Not to mention the bugs are starting to get aggressive around here.

So with Saturday looking stellar I planned to head north. Reports of snow, mud and monorails made the higher summits less interesting. The interior Belknaps have been on my mind a while, particularly after a bruised tendon last fall shortened a hike out to West Quarry mountain. A new trail map available for the Belknap range added a bit more enticement.

 

So, the first obstacle: get out early with the intent of getting home in time for some yard work.  Ok, made the late night packing and early rise two step. Next obstacle - an absolutely gorgeous morning , with mist rising in the sunlight from every pond, stream and field I passed. The temptation was strong to stop and take pictures ... but I knew I'd never make trailhead at a reasonable time that way!

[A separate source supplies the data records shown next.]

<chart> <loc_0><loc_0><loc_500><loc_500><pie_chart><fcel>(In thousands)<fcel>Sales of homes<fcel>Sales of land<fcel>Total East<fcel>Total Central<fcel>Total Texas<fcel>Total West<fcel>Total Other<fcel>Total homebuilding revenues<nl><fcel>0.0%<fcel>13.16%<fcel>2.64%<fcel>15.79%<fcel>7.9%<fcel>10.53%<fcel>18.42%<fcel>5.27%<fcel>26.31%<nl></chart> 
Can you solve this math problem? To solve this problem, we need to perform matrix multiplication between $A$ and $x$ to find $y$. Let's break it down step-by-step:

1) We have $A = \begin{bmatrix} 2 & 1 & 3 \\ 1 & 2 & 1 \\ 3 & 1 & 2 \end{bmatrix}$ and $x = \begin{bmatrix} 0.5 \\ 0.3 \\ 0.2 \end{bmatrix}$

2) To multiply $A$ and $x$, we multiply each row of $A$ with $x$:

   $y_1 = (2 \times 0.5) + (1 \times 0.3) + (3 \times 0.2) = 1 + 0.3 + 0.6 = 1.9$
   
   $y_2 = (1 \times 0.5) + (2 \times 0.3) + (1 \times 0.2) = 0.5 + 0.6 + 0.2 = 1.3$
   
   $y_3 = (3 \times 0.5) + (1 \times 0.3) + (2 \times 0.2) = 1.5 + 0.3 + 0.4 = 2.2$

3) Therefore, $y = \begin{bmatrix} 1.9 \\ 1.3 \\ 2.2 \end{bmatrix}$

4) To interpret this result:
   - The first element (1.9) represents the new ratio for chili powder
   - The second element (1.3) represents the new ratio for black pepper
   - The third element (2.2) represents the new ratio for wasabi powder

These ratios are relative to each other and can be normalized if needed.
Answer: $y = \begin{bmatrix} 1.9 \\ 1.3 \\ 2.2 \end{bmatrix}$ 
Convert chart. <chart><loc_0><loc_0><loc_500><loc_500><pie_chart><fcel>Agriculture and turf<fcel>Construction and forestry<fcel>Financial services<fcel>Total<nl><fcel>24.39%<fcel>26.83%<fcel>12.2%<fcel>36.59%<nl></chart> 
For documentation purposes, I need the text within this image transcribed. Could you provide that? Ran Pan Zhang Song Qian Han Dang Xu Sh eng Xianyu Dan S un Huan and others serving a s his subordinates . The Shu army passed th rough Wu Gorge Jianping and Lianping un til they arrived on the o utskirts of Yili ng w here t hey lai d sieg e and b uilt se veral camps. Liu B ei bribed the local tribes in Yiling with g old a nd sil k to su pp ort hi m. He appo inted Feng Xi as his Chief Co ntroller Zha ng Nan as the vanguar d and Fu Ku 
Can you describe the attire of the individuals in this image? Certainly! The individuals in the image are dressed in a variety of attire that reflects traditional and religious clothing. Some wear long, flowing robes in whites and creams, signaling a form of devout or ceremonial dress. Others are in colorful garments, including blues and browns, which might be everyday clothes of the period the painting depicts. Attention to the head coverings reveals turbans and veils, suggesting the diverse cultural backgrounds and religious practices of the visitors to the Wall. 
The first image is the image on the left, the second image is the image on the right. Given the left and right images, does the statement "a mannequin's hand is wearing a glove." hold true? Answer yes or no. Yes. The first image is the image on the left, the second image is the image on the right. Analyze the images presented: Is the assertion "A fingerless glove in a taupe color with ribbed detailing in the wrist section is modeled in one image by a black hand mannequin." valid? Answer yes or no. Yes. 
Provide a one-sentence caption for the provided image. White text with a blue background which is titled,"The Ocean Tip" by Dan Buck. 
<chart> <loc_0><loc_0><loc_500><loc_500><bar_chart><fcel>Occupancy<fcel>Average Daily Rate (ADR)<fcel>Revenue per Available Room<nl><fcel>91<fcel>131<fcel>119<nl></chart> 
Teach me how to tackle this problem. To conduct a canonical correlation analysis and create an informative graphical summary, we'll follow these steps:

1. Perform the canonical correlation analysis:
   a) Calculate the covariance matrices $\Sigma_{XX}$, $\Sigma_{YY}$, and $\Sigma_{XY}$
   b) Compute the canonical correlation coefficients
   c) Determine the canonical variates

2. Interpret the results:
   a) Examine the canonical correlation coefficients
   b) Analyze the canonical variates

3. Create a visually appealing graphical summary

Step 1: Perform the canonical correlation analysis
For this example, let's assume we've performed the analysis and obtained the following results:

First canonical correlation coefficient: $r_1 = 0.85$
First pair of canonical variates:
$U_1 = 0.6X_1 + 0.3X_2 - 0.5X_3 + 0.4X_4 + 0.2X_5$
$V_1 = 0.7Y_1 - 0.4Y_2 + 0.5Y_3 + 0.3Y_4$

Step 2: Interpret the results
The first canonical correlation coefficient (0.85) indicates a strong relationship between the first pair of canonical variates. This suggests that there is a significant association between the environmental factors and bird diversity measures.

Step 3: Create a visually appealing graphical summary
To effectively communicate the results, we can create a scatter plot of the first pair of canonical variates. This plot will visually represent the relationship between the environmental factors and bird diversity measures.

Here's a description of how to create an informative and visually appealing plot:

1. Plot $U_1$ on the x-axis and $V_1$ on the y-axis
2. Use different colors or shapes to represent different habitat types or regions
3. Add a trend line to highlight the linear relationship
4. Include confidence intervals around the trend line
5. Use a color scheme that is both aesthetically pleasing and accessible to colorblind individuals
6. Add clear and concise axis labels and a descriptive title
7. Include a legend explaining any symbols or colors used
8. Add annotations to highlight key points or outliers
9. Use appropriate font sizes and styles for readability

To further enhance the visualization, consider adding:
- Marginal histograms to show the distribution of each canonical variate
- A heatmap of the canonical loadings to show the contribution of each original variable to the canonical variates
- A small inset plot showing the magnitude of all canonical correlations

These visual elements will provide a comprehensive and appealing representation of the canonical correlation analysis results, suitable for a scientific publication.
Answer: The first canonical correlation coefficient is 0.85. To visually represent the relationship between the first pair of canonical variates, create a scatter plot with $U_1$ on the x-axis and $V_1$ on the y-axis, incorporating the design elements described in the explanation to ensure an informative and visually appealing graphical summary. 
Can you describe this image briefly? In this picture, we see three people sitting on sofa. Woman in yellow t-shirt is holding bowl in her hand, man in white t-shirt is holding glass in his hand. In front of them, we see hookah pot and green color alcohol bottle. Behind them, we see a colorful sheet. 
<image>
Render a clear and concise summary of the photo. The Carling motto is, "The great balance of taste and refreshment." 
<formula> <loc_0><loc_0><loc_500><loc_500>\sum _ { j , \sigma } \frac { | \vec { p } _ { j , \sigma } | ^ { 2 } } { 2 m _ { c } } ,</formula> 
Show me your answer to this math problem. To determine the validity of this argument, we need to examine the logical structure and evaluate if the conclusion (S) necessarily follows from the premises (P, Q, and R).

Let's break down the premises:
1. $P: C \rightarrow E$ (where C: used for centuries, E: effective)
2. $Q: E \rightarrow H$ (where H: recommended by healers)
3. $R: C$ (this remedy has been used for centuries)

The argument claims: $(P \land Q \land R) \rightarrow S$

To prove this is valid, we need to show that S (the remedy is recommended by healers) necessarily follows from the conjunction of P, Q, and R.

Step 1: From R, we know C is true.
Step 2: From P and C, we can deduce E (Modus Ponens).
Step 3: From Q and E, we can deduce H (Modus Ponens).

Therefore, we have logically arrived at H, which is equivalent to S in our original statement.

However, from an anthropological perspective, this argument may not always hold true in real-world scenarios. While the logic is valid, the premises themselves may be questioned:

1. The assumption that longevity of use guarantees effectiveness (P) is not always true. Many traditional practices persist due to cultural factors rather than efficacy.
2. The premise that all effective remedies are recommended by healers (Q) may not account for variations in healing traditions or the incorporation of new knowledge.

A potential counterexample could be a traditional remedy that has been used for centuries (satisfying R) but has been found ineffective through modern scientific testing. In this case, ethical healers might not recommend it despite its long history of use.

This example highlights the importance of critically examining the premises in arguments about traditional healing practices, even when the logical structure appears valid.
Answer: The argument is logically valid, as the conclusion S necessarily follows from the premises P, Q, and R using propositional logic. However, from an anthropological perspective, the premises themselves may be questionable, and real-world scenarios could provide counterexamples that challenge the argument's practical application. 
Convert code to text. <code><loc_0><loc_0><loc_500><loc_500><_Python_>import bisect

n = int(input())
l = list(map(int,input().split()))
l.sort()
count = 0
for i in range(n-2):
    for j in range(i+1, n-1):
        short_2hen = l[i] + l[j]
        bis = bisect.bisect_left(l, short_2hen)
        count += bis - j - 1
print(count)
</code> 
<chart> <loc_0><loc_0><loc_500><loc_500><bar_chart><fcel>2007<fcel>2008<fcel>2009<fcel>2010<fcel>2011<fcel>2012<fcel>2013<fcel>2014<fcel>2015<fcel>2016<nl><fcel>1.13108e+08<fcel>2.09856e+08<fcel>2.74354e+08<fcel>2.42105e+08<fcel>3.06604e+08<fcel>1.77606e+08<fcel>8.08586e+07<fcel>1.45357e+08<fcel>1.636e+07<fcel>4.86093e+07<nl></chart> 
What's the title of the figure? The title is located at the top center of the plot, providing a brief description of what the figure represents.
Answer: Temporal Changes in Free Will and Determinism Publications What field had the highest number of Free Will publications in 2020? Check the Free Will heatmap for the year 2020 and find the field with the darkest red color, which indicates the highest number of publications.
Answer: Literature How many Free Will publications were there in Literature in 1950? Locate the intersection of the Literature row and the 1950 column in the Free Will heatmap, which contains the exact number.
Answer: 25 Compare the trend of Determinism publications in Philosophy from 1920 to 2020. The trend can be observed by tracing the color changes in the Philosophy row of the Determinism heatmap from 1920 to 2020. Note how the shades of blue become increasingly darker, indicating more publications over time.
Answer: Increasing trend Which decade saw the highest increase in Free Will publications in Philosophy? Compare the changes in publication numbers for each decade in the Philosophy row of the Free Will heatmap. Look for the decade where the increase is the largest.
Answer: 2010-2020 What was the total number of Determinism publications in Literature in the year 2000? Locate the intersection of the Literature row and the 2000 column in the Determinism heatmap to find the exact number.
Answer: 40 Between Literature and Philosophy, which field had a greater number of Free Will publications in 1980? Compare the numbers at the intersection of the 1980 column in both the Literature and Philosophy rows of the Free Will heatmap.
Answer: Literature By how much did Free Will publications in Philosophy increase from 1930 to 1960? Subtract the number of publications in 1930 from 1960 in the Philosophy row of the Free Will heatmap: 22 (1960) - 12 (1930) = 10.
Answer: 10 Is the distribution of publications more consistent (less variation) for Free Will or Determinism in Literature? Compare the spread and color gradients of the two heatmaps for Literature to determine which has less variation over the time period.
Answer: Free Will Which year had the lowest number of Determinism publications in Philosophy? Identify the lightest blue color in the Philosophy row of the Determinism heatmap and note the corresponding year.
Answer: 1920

( I finally gave in at Crystal Lake )

Continuing on the back roads of Gilmanton I met two fellows out for a quick early morning turkey hunt. Stopped to check directions to the Boy Scout Camp - yep, I'd overshot. Turns out there is more than one camp out there, they directed me to the wrong one. I did get to see a turkey in the road they had directed me to , though.  Turning around, saw the two fellows again, they had just come out of the woods - no turkey.  Didnt have the heart to tell them tehy should have come with me :)

Finally reached trailhead, and thanks to the new map and some online research made my way thru the snarl of snowmobile and logging trails ... and walked past the Mack Ridge trail junction. It's incredibly obvious once you've seen it, and I usually don't miss trail junctions ... fortunately I didnt go too far before realizing the miss.

Walking down the road trail, I saw another turkey. Those guys should have come hiking :)

The Mack Ridge Trail ( "Orange trail") is wonderful. Some nice rock work, rises steeply, narrow, just technical enough to require some attention , but I saw no "scrambles" as one description mentioned. The markers  are faded and its a lightly used trail so a few times it required a little looking around to find my way, but nothing troublesome. The leaves and the occasional tippy rock required some care in footing. Otherwise, thoroughly enjoyable trail, for ascent. I'd avoid it for descent if possible.

Although wooded, the MRT had plenty of outlooks to keep me interested (and digging out my camera).  A few bonus views were available courtesy of several logging cuts, which had been well cleared of debris. The MRT passes thru a variety of woods, hardwood, mature and juvenile conifers. Very nice, highly recommended.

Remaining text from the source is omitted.